| Discussion: |
Ovarian cysts can be found in almost all prememopausal women and about 15% of postmenopausal women. The most common cysts are produced during the normal menstrual cycle and can be follicular or luteal in origin. These cysts are benign and can range in size from 1cm to 8cm. Numerous luteal or follicular cysts, or theca-lutein cysts, can cause bilateral ovarian enlargement from an increased hCG level. The hCG level can be elevated secondary to multiple gestation, trophoblastic disease, or Rh sensitization. Endometriosis of the ovary is another cause of ovarian cysts; hemorrhage inside the cyst results in the so-called chocolate cyst. Polycystic ovarian syndrome effects young women and results in multiple 0.5cm-1cm subcortical cysts imbedded in the ovaries. The disorder is associated with increased androgen levels, infertility, hirsuitism, and obesity.

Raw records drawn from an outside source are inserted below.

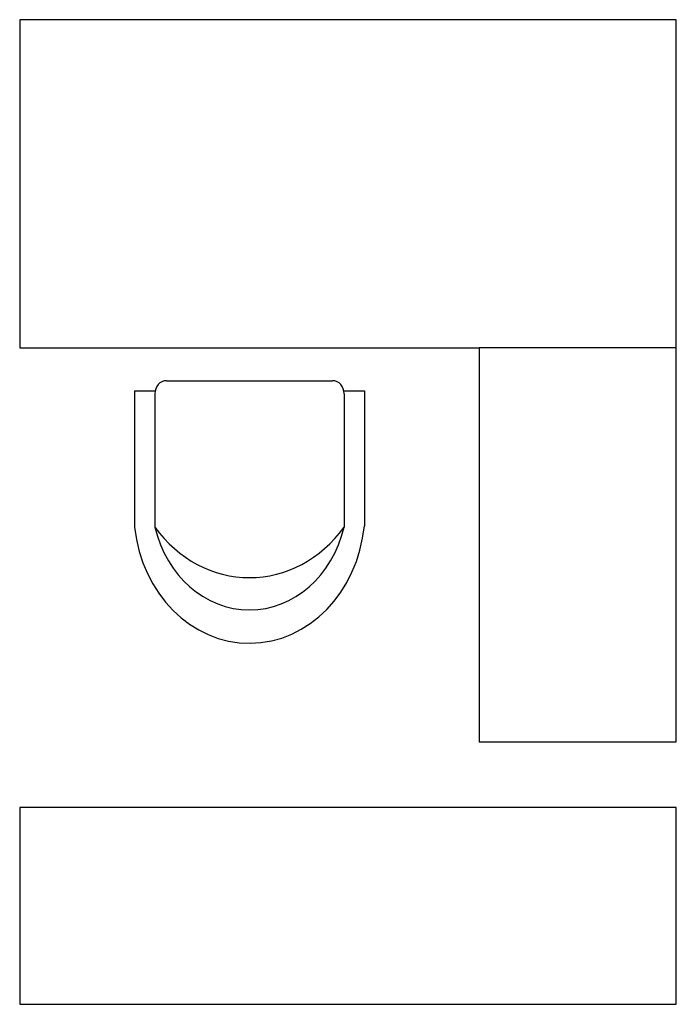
# Model space of a CAD drawing. Extents: x 72 to 192, y -38 to 142.
import ezdxf

# ---------------------------------------------------------------- set-up
doc = ezdxf.new("R2010")
doc.units = 0
doc.header["$MEASUREMENT"] = 0
doc.layers.get('0').update_dxf_attribs({"linetype": 'CONTINUOUS'})

# ---------------------------------------------------------------- blocks, each defined once
blk = doc.blocks.new('A$C7ACD5244')
for p, q in [((0, 90), (0, 60)), ((60, 90), (0, 90)), ((60, 24), (60, 90)), ((0, 60), (42, 60)), ((60, 60), (42, 60)), ((42, 60), (42, 24)), ((60, 24), (60, 60)), ((13.403, 57), (28.597, 57)), ((10.501, 56.065), (10.501, 43.601)), ((10.501, 56.065), (12.353, 56.065)), ((29.629, 56.065), (31.499, 56.065)), ((31.499, 56.065), (31.499, 43.732)), ((12.353, 55.8), (12.353, 43.601)), ((29.647, 55.8), (29.647, 43.601)), ((42, 24), (60, 24)), ((60, 18), (0, 18)), ((0, 18), (0, 0)), ((60, 0), (60, 18)), ((0, 0), (60, 0))]:
    blk.add_line(p, q)
for centre, major_axis, start_param, end_param in [((13.403, 55.8), (0, 1.2), 0, 1.570796), ((28.597, 55.8), (0, 1.2), 4.712389, 6.283185), ((20.993, 45.084), (0, 12.083), 1.693833, 4.600285), ((21, 46.295), (0, 10.242), 1.836941, 4.446244), ((21, 51.915), (0, 12.914), 2.270248, 4.012938)]:
    blk.add_ellipse(centre, major_axis=major_axis, ratio=0.875, start_param=start_param, end_param=end_param)

msp = doc.modelspace()

# ---------------------------------------------------------------- block references
at = {"xscale": 2, "yscale": 2, "zscale": 2}
msp.add_blockref('A$C7ACD5244', (71.84, -38.01), dxfattribs=at)

doc.saveas('drawing.dxf')

Ovarian tumors can also present as a cystic pelvic mass. These tumors originate from ovarian surface epithelia, germ cells, or sex cord stroma. Epithelial ovarian tumors are categorized as serous, mucinous, endometroid, or Brenner tumor. The most common cystic ovarian neoplasms are serous tumors, 60% of which are benign, 25% are malignant, and 15% are borderline. Serous tumors usually present as large masses, up to 40cm in diameter. Mucinous tumors also present as a large multiloculated cystic mass filled with jelly-like fluid. 80% of mucinous tumors are benign, 10% borderline, and 10% malignant. These tumors may enter the peritoneal cavity and cause psedomyxoma peritonei, which can be fatal. 20% of all ovarian cancers are endometroid tumors, which have both solid and cystic components. Endometroid tumor cells closely resemble endometrium histologically. Brenner tumors are usually benign, solid rather than cystic, and resemble transitional epithelium of the urinary bladder. Germ cell tumors represent 15-20% of all ovarian cancers and include teratomas, dysgerminomas, endodermal sinus tumors, and choriocarcinomas. Benign teratomas, or dermoid cysts, are made up of mature cells originating from more than one germ cell layer. 1% of these tumors become malignant. Malignant teratomas are made up of immature embryonic cells from more than one germ cell layer. The more immature the cells of the tumor, the more likely the tumor will spread outside the ovary. Dysgeminomas are uncommon solid tumors which are the counterpart of the testicular seminoma. Endodermal sinus tumors are rare tumors consisting of multipotential embryonic cells. These tumors characteristically produce alpha-feto protein and can be aggressive. Choriocarcinomas are usually found in combination with other germ cell tumors. These tumors are associated with an elevated chorionic gonadotropin and are highly malignant. Sex cord stromal tumors consist of granulosa-theca cell tumors, Sertoli-Leydig cell tumors, and fibromas. These tumors are usually solid and can be functional. Granulosa-theca cell tumors produce large amounts of estrogen, leading to precocious puberty, endometrial hyperplasia, and increased risk of endometrial carcinoma. Sertoli-Leydig cell tumors are made up of cells which are identical to male testicular cells and can cause masculinization. Fibromas are solid tumors and are associated with hydrothorax and ascites.
When an adnexal mass is suspected, transvaginal ultrasound is the imaging modality of choice. Ultrasound findings can help to distinguish between benign and malignant tumors. A simple cyst is characteristic of a benign tumor, consisting of anechoic fluid, thin walls, and diameter less than 2-2.5 cm. Hemorrhage within the cyst suggests a benign process such as an endometrioma, since malignant tumors do not usually bleed. A mass with a hyperechoic solid area with acoustic shadowing suggests a benign teratoma. The findings which suggest a malignant process are solid components to the mass and septations within the mass thicker than 2-3mm. Size of tumor is not helpful in differentiating benign and malignant tumors. Transvaginal ultrasound with Doppler was initially thought to aid in the identification of malignant tumors by detecting lower vascular resistance within the mass. Studies have demonstrated this theory to be unreliable in determining benign or malignant status of an ovarian mass. According to Laing et al. (2001), a solid component of an ovarian mass was the most useful finding in malignancy. Other findings suggesting malignancy include: central flow, moderate to large amount of intraperitoneal fluid, and thick septations. Other than ultrasound, CT or MRI is useful for larger masses and examining the abdomen for metastasis.
Surgery is recommended for simple cysts larger than 5cm and complex cysts of any size. Simple cysts smaller than 5cm with a normal CA-125 level may be followed with serial ultrasounds. Benign cysts have an excellent prognosis; prognosis of malignant tumors vary with the type of tumor involved and time of detection.